Rev. Olumide Oyediji, a top official of Abiola Farms, told The Guardian that the difficulty in gaining access to the chief executive officer of the farm enterprises, while Abiola was in detention, brought untold hardship to the farm businesses.
According to Oyediji, all of Abiola’s enterprises came under suspicion and close watch by the then military government of Gen. Sani Abacha.
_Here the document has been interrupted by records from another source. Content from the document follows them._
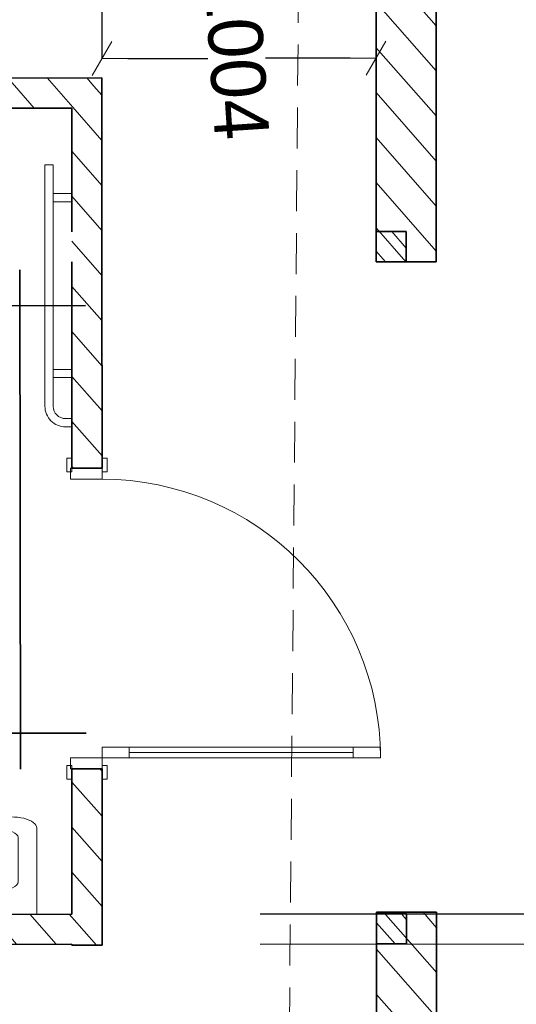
# Model space of a CAD drawing. Header units: millimetres. Extents: x -115474967 to 444143, y -74377 to 241828222.
# Tile 10 of 256: x -153900 to -152081, y -62899 to -59296. Entities that reach past the tile are written whole.
import ezdxf

# ---------------------------------------------------------------- set-up
doc = ezdxf.new("R2010")
doc.units = ezdxf.units.MM
doc.header["$MEASUREMENT"] = 0
doc.linetypes.add('Hidden Line copy', pattern=[230, 150, -80])
for name, color, linetype, lineweight in [('0_Pen_No__2', 7, 'Continuous', 20), ('A_WALL LOAD_Pen_No__1', 7, 'Continuous', 30), ('A_WALL LOAD_Pen_No__3', 7, 'Continuous', 15), ('A_WALL LOAD_Pen_No__6', 7, 'Continuous', 5), ('B_FURN LOOSE_Pen_No__6', 7, 'Continuous', 5), ('SEWER LINE_Pen_No__1', 7, 'Continuous', 30), ('SEWER LINE_Pen_No__10', 9, 'Continuous', 20)]:
    doc.layers.add(name, color=color, linetype=linetype, lineweight=lineweight)
doc.layers.add('0_Pen_No__7', color=7, linetype='Continuous', lineweight=5, true_color=0x3f3f3f)
doc.layers.add('A_WALL LOAD_Pen_No__7', color=7, linetype='Continuous', lineweight=5, true_color=0x3f3f3f)
doc.layers.add('B_FURN LOOSE', color=7, linetype='Continuous')
doc.layers.add('C_DIMS - GA', color=7, linetype='Continuous')
doc.styles.add('GENERATED_STYLE_1', font='GOTHIC.TTF')
doc.dimstyles.new('GENERATED_STYLE__3', dxfattribs={"dimtxt": 200, "dimasz": 95, "dimexe": 0.18, "dimexo": 2517.243423, "dimgap": 0.09, "dimtad": 1, "dimdec": 0, "dimzin": 0, "dimdsep": 46, "dimtxsty": 'GENERATED_STYLE_1', "dimblk": 'ARROWHEAD_2', "dimblk1": 'ARROWHEAD_2', "dimblk2": 'ARROWHEAD_2', "dimcen": 0.09, "dimclrd": 7, "dimclre": 7, "dimclrt": 7, "dimadec": 0, "dimazin": 0, "dimtfac": 1, "dimtdec": 4, "dimtmove": 0, "dimatfit": 3, "dimfxl": 1, "dimtolj": 1, "dimtzin": 0, "dimarcsym": 0})
pattern_1 = [(131.26581, (-61028.23, 68570.485), (-67.64921, -59.35979), [])]
pattern_2 = [(131.26581, (-61028.23, 68570.49), (-81.74279, -71.72641), [])]

# ---------------------------------------------------------------- blocks, each defined once
blk = doc.blocks.new('Basin 24[85]', base_point=(-136928.2, 84410.1))
at = {"layer": 'B_FURN LOOSE_Pen_No__6', "color": 7, "linetype": 'Continuous', "lineweight": 5}
for p, q in [((-136950.5, 84749.1), (-136636.3, 84769.8)), ((-136905.8, 84071.1), (-136950.5, 84749.1)), ((-136666.7, 84699.7), (-136828.2, 84689.1)), ((-136604.9, 84227.1), (-136631.7, 84633.9)), ((-136827.4, 84212.5), (-136854.3, 84619.2)), ((-136863.5, 84429.8), (-136848.6, 84430.8)), ((-136861.7, 84402.7), (-136863.5, 84429.8)), ((-136846.8, 84403.7), (-136861.7, 84402.7)), ((-136792.4, 84146.7), (-136630.9, 84157.3)), ((-136591.5, 84091.8), (-136905.8, 84071.1))]:
    blk.add_line(p, q, dxfattribs=at)
at = {"layer": 'B_FURN LOOSE_Pen_No__6', "color": 7, "linetype": 'Continuous', "lineweight": 5, "flags": 128}
for points in [[(-136933.3, 84486.4), (-136935, 84513.4), (-136955, 84512.1), (-136953.2, 84485.1)], [(-136921.4, 84306.8), (-136923.2, 84333.8), (-136943.1, 84332.4), (-136941.4, 84305.5)]]:
    blk.add_lwpolyline(points, close=True, dxfattribs=at)
blk.add_lwpolyline([(-136885.8, 84389.7), (-136844.2, 84396.4, 0.12102), (-136834.9, 84400.3), (-136782.5, 84410.4, 0.882566), (-136784, 84432.6), (-136837.2, 84435.7, 0.12102), (-136846.9, 84438.4), (-136889.1, 84439.6, 1)], format="xyb", close=True, dxfattribs=at)
at = {"layer": 'B_FURN LOOSE_Pen_No__6', "color": 7, "linetype": 'Continuous', "lineweight": 5}
blk.add_circle((-136780.6, 84419.8), 15, dxfattribs=at)
for centre, radius, start, end in [((-136847.7, 84417.3), 13.6, 273.7734, 93.7734), ((-136847.4, 84417.3), 21.1, 306.5444, 61.0023)]:
    blk.add_arc(centre, radius, start, end, dxfattribs=at)
for centre, major_axis, start_param, end_param in [((-136630.3, 84679.9), (-5.9, 89.9), 4.135517, 6.283185), ((-136822.9, 84619.8), (-4.6, 69.3), 0.021486, 1.549311), ((-136662.8, 84630.4), (-4.6, 69.3), 4.733875, 6.2617), ((-136421.7, 84443.5), (-26.7, 404.1), 1.046808, 2.098245), ((-136796.3, 84216), (-4.6, 69.3), 1.592282, 3.120107), ((-136636.2, 84226.6), (-4.6, 69.3), 3.163078, 4.690903), ((-136597.5, 84181.8), (-5.9, 89.9), 3.141593, 5.289261)]:
    blk.add_ellipse(centre, major_axis=major_axis, ratio=0.450554, start_param=start_param, end_param=end_param, dxfattribs=at)
blk = doc.blocks.new('Safety Railing 24[91]', base_point=(-135043.2, 84063.5))
at = {"layer": 'B_FURN LOOSE_Pen_No__6', "color": 7, "linetype": 'Continuous', "lineweight": 5, "flags": 128}
blk.add_lwpolyline([(-135049.6, 84162.3), (-134167.8, 84219.8), (-134165.8, 84189.9), (-135047.7, 84132.3, 0.414214), (-135089.6, 84084.5), (-135088.1, 84060.6), (-135118, 84058.6), (-135119.6, 84082.5, -0.414214), (-135049.6, 84162.3)], format="xyb", close=True, dxfattribs=at)
for points in [[(-134296.1, 84112.3), (-134300.6, 84181.1), (-134270.6, 84183.1), (-134266.1, 84114.2)], [(-134938.4, 84070.3), (-134942.9, 84139.2), (-134912.9, 84141.1), (-134908.4, 84072.3)]]:
    blk.add_lwpolyline(points, close=True, dxfattribs=at)
blk = doc.blocks.new('ARROWHEAD_2')
at = {"color": 0, "linetype": 'Continuous', "lineweight": 0}
for p, q in [((-0.378, -0.655), (0.378, 0.655)), ((0, 0), (-1, 0))]:
    blk.add_line(p, q, dxfattribs=at)
blk = doc.blocks.new('*D989')
at = {"layer": 'C_DIMS - GA', "color": 7, "linetype": 'Continuous', "lineweight": -2, "transparency": 16777216}
for p, q in [((-151771.4, -62472.9), (-151771.5, -62377.9)), ((-153019.4, -62568.8), (-151771.2, -62567.9)), ((-151771.3, -62677.9), (-151771.4, -62567.9)), ((-153019.3, -62678.8), (-151771.1, -62677.9)), ((-151771.2, -62772.9), (-151771.2, -62867.9))]:
    blk.add_line(p, q, dxfattribs=at)
at = {"layer": 'Defpoints', "color": 0, "linetype": 'Continuous', "transparency": 16777216}
for p in [(-155536.6, -62570.5), (-151771.4, -62567.9), (-155536.5, -62680.5)]:
    blk.add_point(p, dxfattribs=at)
at = {"layer": 'C_DIMS - GA', "color": 7, "linetype": 'Continuous', "lineweight": -2, "transparency": 16777216, "xscale": 95, "yscale": 95, "zscale": 95}
for p, rotation in [((-151771.4, -62567.9), 270.039182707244), ((-151771.3, -62677.9), 90.03918270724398)]:
    blk.add_blockref('ARROWHEAD_2', p, dxfattribs=dict(at, rotation=rotation))
at = {"layer": 'C_DIMS - GA', "color": 7, "linetype": 'Continuous', "lineweight": 5, "transparency": 16777216, "insert": (-151771.3, -62622.9), "char_height": 200, "attachment_point": 5, "rotation": 3.7734, "style": 'GENERATED_STYLE_1'}
blk.add_mtext('\\A1;110', dxfattribs=at)
blk = doc.blocks.new('*D990')
at = {"layer": 'C_DIMS - GA', "color": 7, "linetype": 'Continuous', "lineweight": -2, "transparency": 16777216}
for p, q in [((-151737.2, -59413.4), (-151737.3, -59318.4)), ((-151737.1, -59618.4), (-151737.2, -59508.4)), ((-151081.1, -59508), (-151737, -59508.4)), ((-151191.1, -59618), (-151736.9, -59618.4)), ((-151737, -59713.4), (-151737, -59808.4))]:
    blk.add_line(p, q, dxfattribs=at)
at = {"layer": 'Defpoints', "color": 0, "linetype": 'Continuous', "transparency": 16777216}
for p in [(-153598.3, -59509.7), (-151737.2, -59508.4), (-153708.3, -59619.7)]:
    blk.add_point(p, dxfattribs=at)
at = {"layer": 'C_DIMS - GA', "color": 7, "linetype": 'Continuous', "lineweight": -2, "transparency": 16777216, "xscale": 95, "yscale": 95, "zscale": 95}
for p, rotation in [((-151737.2, -59508.4), 270.039182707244), ((-151737.1, -59618.4), 90.03918270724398)]:
    blk.add_blockref('ARROWHEAD_2', p, dxfattribs=dict(at, rotation=rotation))
at = {"layer": 'C_DIMS - GA', "color": 7, "linetype": 'Continuous', "lineweight": 5, "transparency": 16777216, "insert": (-151737.1, -59563.4), "char_height": 200, "attachment_point": 5, "rotation": 3.7734, "style": 'GENERATED_STYLE_1'}
blk.add_mtext('\\A1;110', dxfattribs=at)
blk = doc.blocks.new('*D993')
at = {"layer": 'C_DIMS - GA', "color": 7, "linetype": 'Continuous', "lineweight": -2, "transparency": 16777216}
for p, q in [((-153708.4, -58579), (-153708.4, -58999.7)), ((-153598.4, -58579), (-153598.4, -58999.7)), ((-153803.4, -58999.8), (-153898.4, -58999.8)), ((-153598.4, -58999.8), (-153708.4, -58999.8)), ((-153503.4, -58999.8), (-153408.4, -58999.8))]:
    blk.add_line(p, q, dxfattribs=at)
at = {"layer": 'Defpoints', "color": 0, "linetype": 'Continuous', "transparency": 16777216}
for p in [(-153708.4, -58999.8), (-153708.3, -61096.2), (-153598.3, -61096.2)]:
    blk.add_point(p, dxfattribs=at)
at = {"layer": 'C_DIMS - GA', "color": 7, "linetype": 'Continuous', "lineweight": -2, "transparency": 16777216, "xscale": 95, "yscale": 95, "zscale": 95}
for p, rotation in [((-153708.4, -58999.8), 0.001432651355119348), ((-153598.4, -58999.8), 180.0014326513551)]:
    blk.add_blockref('ARROWHEAD_2', p, dxfattribs=dict(at, rotation=rotation))
at = {"layer": 'C_DIMS - GA', "color": 7, "linetype": 'Continuous', "lineweight": 5, "transparency": 16777216, "insert": (-153653.4, -58999.8), "char_height": 200, "attachment_point": 5, "rotation": 273.7356, "style": 'GENERATED_STYLE_1'}
blk.add_mtext('\\A1;110', dxfattribs=at)
blk = doc.blocks.new('*D995')
at = {"layer": 'C_DIMS - GA', "color": 7, "linetype": 'Continuous', "lineweight": -2, "transparency": 16777216}
for p, q in [((-153600.1, -56992.5), (-153598.4, -59438)), ((-152596.1, -57665), (-152594.8, -59437.3)), ((-153503.4, -59438.1), (-153210.4, -59437.9)), ((-152689.8, -59437.6), (-152999.7, -59437.8))]:
    blk.add_line(p, q, dxfattribs=at)
at = {"layer": 'Defpoints', "color": 0, "linetype": 'Continuous', "transparency": 16777216}
for p in [(-153598.4, -59438.2), (-153598.3, -59509.7), (-152594.3, -60182.3)]:
    blk.add_point(p, dxfattribs=at)
at = {"layer": 'C_DIMS - GA', "color": 7, "linetype": 'Continuous', "lineweight": -2, "transparency": 16777216, "xscale": 95, "yscale": 95, "zscale": 95}
for p, rotation in [((-153598.4, -59438.2), 180.039182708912), ((-152594.8, -59437.5), 0.03918270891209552)]:
    blk.add_blockref('ARROWHEAD_2', p, dxfattribs=dict(at, rotation=rotation))
at = {"layer": 'C_DIMS - GA', "color": 7, "linetype": 'Continuous', "lineweight": 5, "transparency": 16777216, "insert": (-153105.1, -59437.9), "char_height": 200, "attachment_point": 5, "rotation": 273.7734, "style": 'GENERATED_STYLE_1'}
blk.add_mtext('\\A1;1004', dxfattribs=at)

msp = doc.modelspace()

# ---------------------------------------------------------------- hatches: boundary and pattern name
at = {"layer": '0_Pen_No__7', "linetype": 'Continuous', "lineweight": 5, "true_color": 0x000000}
h = msp.add_hatch(dxfattribs=at)
h.set_pattern_fill('ANSI31', color=18, scale=870, angle=86.26580791, style=0)
h.set_pattern_definition(pattern_2)
h.paths.add_polyline_path([(-152597.70268, -55256.49264), (-152594.3341, -60182.28825), (-152374.3342, -60182.1378), (-152377.67576, -55295.7946)])
h = msp.add_hatch(dxfattribs=at)
h.set_pattern_fill('ANSI31', color=18, scale=870, angle=86.26580791, style=0)
h.set_pattern_definition(pattern_2)
h.paths.add_polyline_path([(-153598.34319, -59509.71615), (-156018.34318, -59509.84914), (-155908.34043, -59619.8431), (-153708.34044, -59619.7222)])
h = msp.add_hatch(dxfattribs=at)
h.set_pattern_fill('ANSI31', color=18, scale=870, angle=86.26580791, style=0)
h.set_pattern_definition(pattern_2)
h.paths.add_polyline_path([(-153708.30748, -60937.95161), (-153598.30745, -60937.94889), (-153598.34317, -59509.71616), (-153708.34045, -59619.72218)])
h = msp.add_hatch(dxfattribs=at)
h.set_pattern_fill('ANSI31', color=18, scale=870, angle=86.26580791, style=0)
h.set_pattern_definition(pattern_2)
h.paths.add_polyline_path([(-153708.26383, -62682.7345), (-153598.26385, -62682.73172), (-153598.27996, -62037.94889), (-153708.27999, -62037.95161)])
h = msp.add_hatch(dxfattribs=at)
h.set_pattern_fill('ANSI31', color=18, scale=870, angle=86.26580791, style=0)
h.set_pattern_definition(pattern_2)
h.paths.add_polyline_path([(-158590.49056, -62572.60511), (-158590.41533, -62682.60509), (-153708.26393, -62679.26634), (-153708.26668, -62569.26632)])
h = msp.add_hatch(dxfattribs=at)
h.set_pattern_fill('ANSI31', color=18, scale=870, angle=86.26580791, style=0)
h.set_pattern_definition(pattern_2)
h.paths.add_polyline_path([(-152591.9228, -63708.18849), (-152371.9229, -63708.03803), (-152372.70656, -62562.13723), (-152592.70646, -62562.28768)])
at = {"layer": 'A_WALL LOAD_Pen_No__7', "linetype": 'Continuous', "lineweight": 5, "true_color": 0x9f07ff}
h = msp.add_hatch(dxfattribs=at)
h.set_pattern_fill('HATCH__BRICK', color=190, angle=86.26580791, style=0, pattern_type=2)
h.set_pattern_definition(pattern_1)
h.paths.add_polyline_path([(-152594.40842, -60072.04464), (-152594.3332, -60182.0446), (-152484.33322, -60181.96939), (-152484.40845, -60071.9694)])
h = msp.add_hatch(dxfattribs=at)
h.set_pattern_fill('HATCH__BRICK', color=190, angle=86.26580791, style=0, pattern_type=2)
h.set_pattern_definition(pattern_1)
h.paths.add_polyline_path([(-152592.70117, -62568.50342), (-152592.62595, -62678.5034), (-152482.62597, -62678.42816), (-152482.70119, -62568.4282)])

# ---------------------------------------------------------------- linework, layer by layer
at = {"layer": '0_Pen_No__2', "color": 1, "linetype": 'Continuous', "lineweight": 25}
msp.add_line((-155908.34043, -59619.77394), (-153708.34044, -59619.71893), dxfattribs=at)
at = {"layer": 'A_WALL LOAD_Pen_No__1', "color": 214, "linetype": 'Continuous', "lineweight": 35}
for p, q in [((-153598.46301, -60072.73127), (-153598.38778, -60182.73125)), ((-153598.46301, -60072.73127), (-153598.38778, -60182.73125)), ((-152594.40842, -60072.04463), (-152594.3332, -60182.04461)), ((-152594.40842, -60072.04463), (-152594.3332, -60182.04461)), ((-152374.33415, -60182.13781), (-152594.3341, -60182.28826)), ((-152374.33415, -60182.13781), (-152594.3341, -60182.28826)), ((-153708.30747, -60937.95163), (-153708.3084, -60900.95163)), ((-153708.30747, -60937.95163), (-153708.3084, -60900.95163)), ((-153708.30747, -60937.95163), (-153708.3084, -60900.95163)), ((-153598.30747, -60937.94888), (-153598.3084, -60900.94888)), ((-153598.30747, -60937.94888), (-153598.3084, -60900.94888)), ((-153598.30747, -60937.94888), (-153598.3084, -60900.94888)), ((-153598.30747, -60937.94888), (-153708.30747, -60937.95163)), ((-153598.30747, -60937.94888), (-153708.30747, -60937.95163)), ((-153598.30747, -60937.94888), (-153708.30747, -60937.95163)), ((-153598.27997, -62037.94888), (-153708.27997, -62037.95163)), ((-153598.27997, -62037.94888), (-153708.27997, -62037.95163)), ((-153598.27997, -62037.94888), (-153708.27997, -62037.95163)), ((-153708.27997, -62037.95163), (-153708.27904, -62074.95163)), ((-153708.27997, -62037.95163), (-153708.27904, -62074.95163)), ((-153708.27997, -62037.95163), (-153708.27904, -62074.95163)), ((-153598.27997, -62037.94888), (-153598.27904, -62074.94888)), ((-153598.27997, -62037.94888), (-153598.27904, -62074.94888)), ((-153598.27997, -62037.94888), (-153598.27904, -62074.94888)), ((-153598.19146, -62679.19107), (-153598.26669, -62569.1911)), ((-153598.19146, -62679.19107), (-153598.26669, -62569.1911)), ((-152372.70654, -62562.13726), (-152592.70649, -62562.28771)), ((-152372.70654, -62562.13726), (-152592.70649, -62562.28771)), ((-152592.62595, -62678.5034), (-152592.70117, -62568.50342)), ((-152592.62595, -62678.5034), (-152592.70117, -62568.50342))]:
    msp.add_line(p, q, dxfattribs=at)
for points in [[(-152374.33415, -60182.13777), (-152376.18923, -57469.49993)], [(-152595.79737, -58042.58449), (-152594.3341, -60182.28831)], [(-153598.34319, -59509.71615), (-156018.34318, -59509.84914)], [(-153598.32911, -60072.73118), (-153598.34319, -59509.71615)], [(-155908.34043, -59619.8431), (-153708.34044, -59619.7222)], [(-153708.34044, -59619.7222), (-153708.32911, -60072.80641)], [(-152484.40845, -60071.96941), (-152594.40841, -60072.04463)], [(-152484.33322, -60181.96938), (-152484.40845, -60071.96941)], [(-153708.32636, -60182.80643), (-153708.30747, -60937.95161)], [(-153598.30747, -60937.94887), (-153598.32636, -60182.7312)], [(-152594.33319, -60182.04461), (-152484.33322, -60181.96938)], [(-153708.27997, -62037.95162), (-153708.26668, -62569.26632)], [(-153598.26669, -62569.1911), (-153598.27997, -62037.94889)], [(-153708.26668, -62569.26632), (-155758.26665, -62570.66825)], [(-152592.70649, -62562.28776), (-152591.99807, -63598.18851)], [(-152482.7012, -62568.4282), (-152592.70117, -62568.50342)], [(-152482.62597, -62678.42817), (-152482.7012, -62568.4282)], [(-152371.9229, -63708.03803), (-152372.70654, -62562.13727)], [(-156994.4142, -62681.51364), (-153708.26393, -62679.26634)], [(-153708.26393, -62679.26634), (-153708.26385, -62682.7345)], [(-153708.26385, -62682.7345), (-153598.26385, -62682.73175)], [(-153598.26394, -62679.19112), (-153598.19146, -62679.19107)], [(-153598.26385, -62682.73175), (-153598.26394, -62679.19112)], [(-152592.62594, -62678.5034), (-152482.62597, -62678.42817)]]:
    msp.add_lwpolyline(points, dxfattribs=at)
at = {"layer": 'A_WALL LOAD_Pen_No__3', "color": 30, "linetype": 'Continuous', "lineweight": 15}
for p, q in [((-153727.3084, -60900.9521), (-153708.3084, -60900.95163)), ((-153727.30715, -60950.9521), (-153727.3084, -60900.9521)), ((-153708.3084, -60900.95163), (-153708.30715, -60950.95163)), ((-153598.3084, -60900.94888), (-153579.3084, -60900.9484)), ((-153598.30715, -60950.94888), (-153598.3084, -60900.94888)), ((-153579.3084, -60900.9484), (-153579.30715, -60950.9484)), ((-153708.30715, -60950.95163), (-153727.30715, -60950.9521)), ((-153579.30715, -60950.9484), (-153598.30715, -60950.94888)), ((-153727.28029, -62024.9521), (-153708.28029, -62024.95163)), ((-153727.27904, -62074.9521), (-153727.28029, -62024.9521)), ((-153708.28029, -62024.95163), (-153708.27904, -62074.95163)), ((-153598.28029, -62024.94888), (-153579.28029, -62024.9484)), ((-153598.27904, -62074.94888), (-153598.28029, -62024.94888)), ((-153579.28029, -62024.9484), (-153579.27904, -62074.9484)), ((-153708.27904, -62074.95163), (-153727.27904, -62074.9521)), ((-153579.27904, -62074.9484), (-153598.27904, -62074.94888))]:
    msp.add_line(p, q, dxfattribs=at)
msp.add_arc((-153598.28097, -61997.94888), 1020, 0.00143265, 90.00143265, dxfattribs=at)
at = {"layer": 'A_WALL LOAD_Pen_No__6', "color": 7, "linetype": 'Continuous', "lineweight": 5}
for p, q in [((-153598.30747, -60937.94888), (-153713.30747, -60937.95175)), ((-153713.30747, -60937.95175), (-153713.30647, -60977.95175)), ((-153598.30647, -60977.94888), (-153598.30747, -60937.94888)), ((-153713.30647, -60977.95175), (-153598.30647, -60977.94888)), ((-153598.28197, -61957.94888), (-153498.28197, -61957.94638)), ((-153598.28097, -61997.94888), (-153598.28197, -61957.94888)), ((-153498.28197, -61957.94638), (-153498.28097, -61997.94638)), ((-152678.28197, -61957.92587), (-152578.28197, -61957.92337)), ((-152678.28097, -61997.92587), (-152678.28197, -61957.92587)), ((-152578.28197, -61957.92337), (-152578.28097, -61997.92337)), ((-153598.28097, -61997.94888), (-153713.28097, -61997.95175)), ((-153713.28097, -61997.95175), (-153713.27997, -62037.95175)), ((-153498.28097, -61997.94638), (-153598.28097, -61997.94888)), ((-153598.27997, -62037.94888), (-153598.28097, -61997.94888)), ((-152678.28147, -61977.92587), (-153498.28147, -61977.94638)), ((-152578.28097, -61997.92337), (-152678.28097, -61997.92587)), ((-153713.27997, -62037.95175), (-153598.27997, -62037.94888))]:
    msp.add_line(p, q, dxfattribs=at)
for points in [[(-152678.28147, -61977.92587), (-153498.28147, -61977.94638), (-153498.28197, -61957.94638), (-152678.28197, -61957.92587)], [(-152678.28097, -61997.92587), (-153498.28097, -61997.94638), (-153498.28147, -61977.94638), (-152678.28147, -61977.92587)]]:
    msp.add_lwpolyline(points, close=True, dxfattribs=at)
at = {"layer": 'SEWER LINE_Pen_No__1', "color": 214, "linetype": 'Continuous', "lineweight": 35}
for p, q in [((-153897.09778, -62038.52064), (-153899.13691, -60211.8754)), ((-153658.55846, -60342.83314), (-154436.26147, -60343.70132)), ((-153656.81231, -61907.0261), (-154434.51532, -61907.89427))]:
    msp.add_line(p, q, dxfattribs=at)
at = {"layer": 'SEWER LINE_Pen_No__10', "color": 25, "linetype": 'Hidden Line copy', "lineweight": 20, "true_color": 0x996633, "flags": 128}
msp.add_lwpolyline([(-156462.11736, -67807.46693), (-152953.79758, -67758.41391), (-152852.55197, -56209.42645)], dxfattribs=at)

# ---------------------------------------------------------------- block references
at = {"layer": 'B_FURN LOOSE', "color": 5, "linetype": 'Continuous', "lineweight": 5, "rotation": 86.26580790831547}
for name, p in [('Safety Railing 24[91]', (-153708.31315, -60711.09742)), ('Basin 24[85]', (-154176.95245, -62569.58684))]:
    msp.add_blockref(name, p, dxfattribs=at)

# ---------------------------------------------------------------- dimensions: what is measured, and where the dimension line sits
at = {"layer": 'C_DIMS - GA', "color": 7, "linetype": 'Continuous', "lineweight": 5}
for base, p1, p2, angle, picture, middle, turn in [((-153598.39209, -59438.20353), (-152594.3341, -60182.28826), (-153598.34319, -59509.71615), 180.03918271, '*D995', (-153105.08877, -59437.86617), 273.7733748), ((-153708.35594, -58999.8426), (-153598.30352, -61096.22395), (-153708.30352, -61096.2267), 180.00143265, '*D993', (-153653.35594, -58999.84122), 273.73562474), ((-151737.18035, -59508.44337), (-153708.34044, -59619.71893), (-153598.34319, -59509.71615), 90.03918271, '*D990', (-151737.14276, -59563.40712), 3.7733748), ((-151771.37335, -62567.94174), (-155536.52065, -62680.51663), (-155536.59588, -62570.51666), 90.03918271, '*D989', (-151771.33574, -62622.94173), 3.7733748)]:
    dim = msp.add_linear_dim(base=base, p1=p1, p2=p2, angle=angle, dimstyle='GENERATED_STYLE__3', dxfattribs=at)
    dim.commit()
    dim.dimension.update_dxf_attribs({"geometry": picture, "text_midpoint": middle, "dimtype": 160, "text_rotation": turn})

doc.saveas('drawing.dxf')

Major businesses such as Concord Airlines and Concord Press were closely monitored.
Like these and any other of his businesses, “it was not profitable to continue,” he said, adding that they could not raise loan facilities because Abiola could not be reached, even when he was needed to sign cheques.
Visits to some of Abiola’s businesses, including Concord Press, Concord Airlines, Abiola Farms and Wonder Loaf Bakery, among others, showed nothing but faded memories of the once-internationally acclaimed entrepreneur and philanthropist.
The same fate has befallen hisformerly bubbling and golden MKO Abiola Crescent, Ikeja, Lagos, home that was a Mecca of sorts.
However, while many respondents regret the state of Abiola’s once thriving businesses spread across the country, particularly the famed Abiola Farms; others take consolation in the realisation that Abiola’s good works, especially in philanthropy and the supreme sacrifice he gave for Nigeria’s democracy live forever.
Thus, they would want Abiola to be immortalized as a national hero by letting him adorn the national currency.
Oyedeji said that, “one of the mistakes Chief Abiola made was in the sole ownership of his businesses.”
He argued that if other stakeholders, from Nigeria and abroad, particularly foreign organisations, had been involved, the decision of the government to clamp down on Abiola would have touched other co-investors and stakeholders and would probably not have led to the death of those businesses in which they invested.
“Political adversaries terminated Abiola’s ambition, said Oyediji, who observed that, “if Abiola became president, we would not be saying what we are saying now; and if he had not gone into politics or he had been allowed to claim his mandate, he would have been the best farmer in Nigeria or in Africa.”
He listed Abiola farms in some states, including a small farm in Obada Oko in Ogun State, as the Southwest coordinating centre, and for pineapple project.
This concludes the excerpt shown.